Privatise for better

| Updated on August 13, 2013 Published on August 13, 2013

Revenue-sharing is not the best model for awarding of public-private-partnership contracts.

Allowing private players to manage the modernised state-owned airports at Chennai and Kolkata on an operate-maintain-transfer (OMT) basis is a good idea that must be implemented at the earliest. But choosing the private party that offers the highest revenue share to the Airports Authority of India (AAI) — which is what the Government is apparently planning — is not the right way to go about this. The principal objective of giving the task of running any publicly-funded infrastructure facility to private operators is to provide better services to consumers; it is not to generate the maximum revenue for the Government body owning it. It is well accepted that the public sector is most wanting when it comes to delivering consumer services; for proof, one needn’t look beyond the toilets in most state-run airports, even those in the now ostensibly modernised one in Chennai.

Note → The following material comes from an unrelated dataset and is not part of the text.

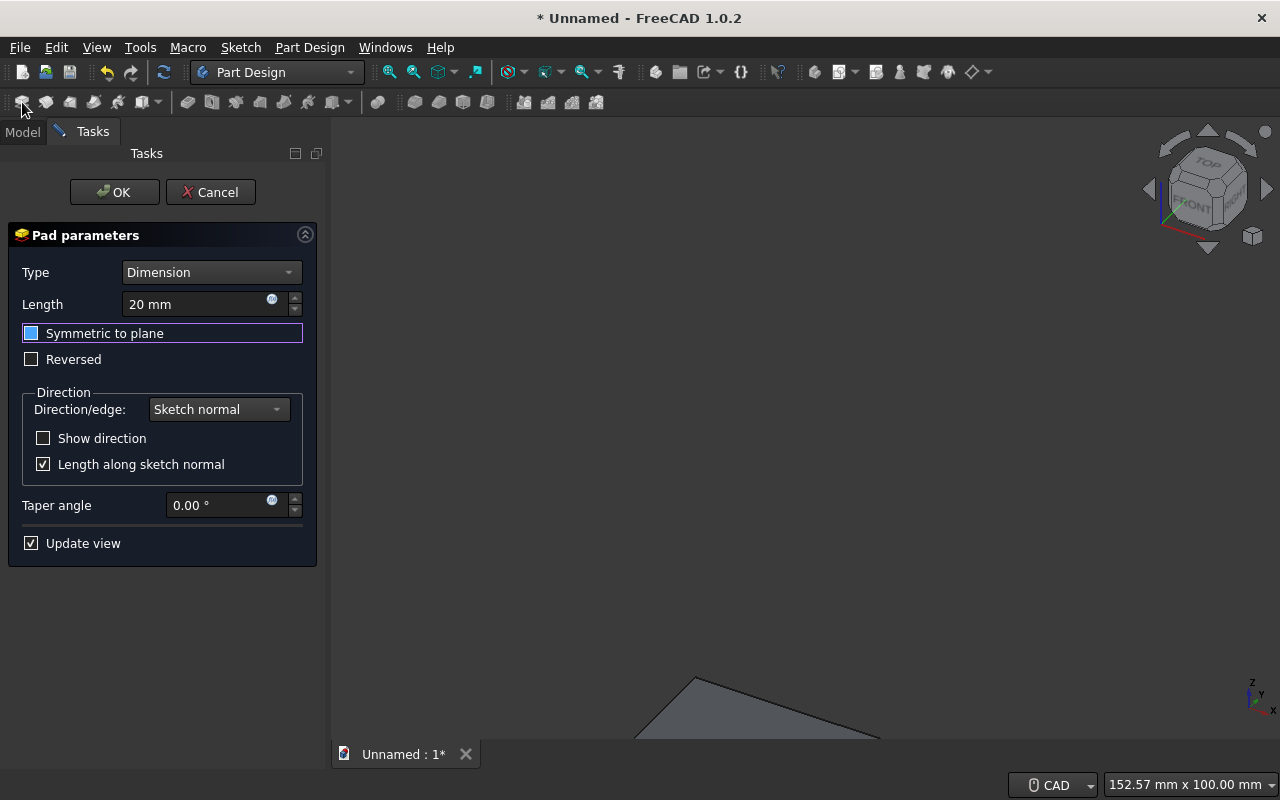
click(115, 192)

If the OMT route is intended primarily at improving consumer service quality, the most sensible thing for the Government is to lay down clear delivery specifications and invite bidders to quote the lowest user-fee they are ready to charge from passengers/airlines.

True, in the case of the Chennai and Kolkata airports, the AAI has spent well over Rs 2,000 crore each in their expansion and modernisation. Despite the huge cost overruns — thanks to shoddy planning and execution — it is arguable they should be allowed to recover the capital costs incurred. But that should be done through levying a separate cess on consumers that is independent of what an OMT contractor would be charging. The latter user-fee ought to be only for operating and maintaining a facility already created. In fact, the OMT model could be extended to a variety of publicly-funded infrastructure projects, including rural roads and irrigation. In many of these, the Government could bear the capital costs and ensure the full recovery of operation and maintenance expenses through private management contracts.

The revenue sharing mechanism route, on the other hand, has not worked well even in airports such as Delhi, where the entire modernisation was undertaken through private participation. The project was awarded to a company that offered to share 46 per cent of revenues from the upgraded airport with the AAI. The condition that the balance 54 per cent would have had to cover not only operation and maintenance, but also capital costs and a reasonable return on equity, was virtually impossible to fulfil. As it turned out, the company managed to secure permission to charge additional levies from consumers. If the consumer lost out here, the biggest beneficiary was the AAI, which got 46 per cent of revenues simply by owning the land where the new airport stands. If public-private-partnerships are meant to serve the interest of consumers, the most transparent method is to invite bids based on lowest user-tariffs rather than highest revenue shares to landlords.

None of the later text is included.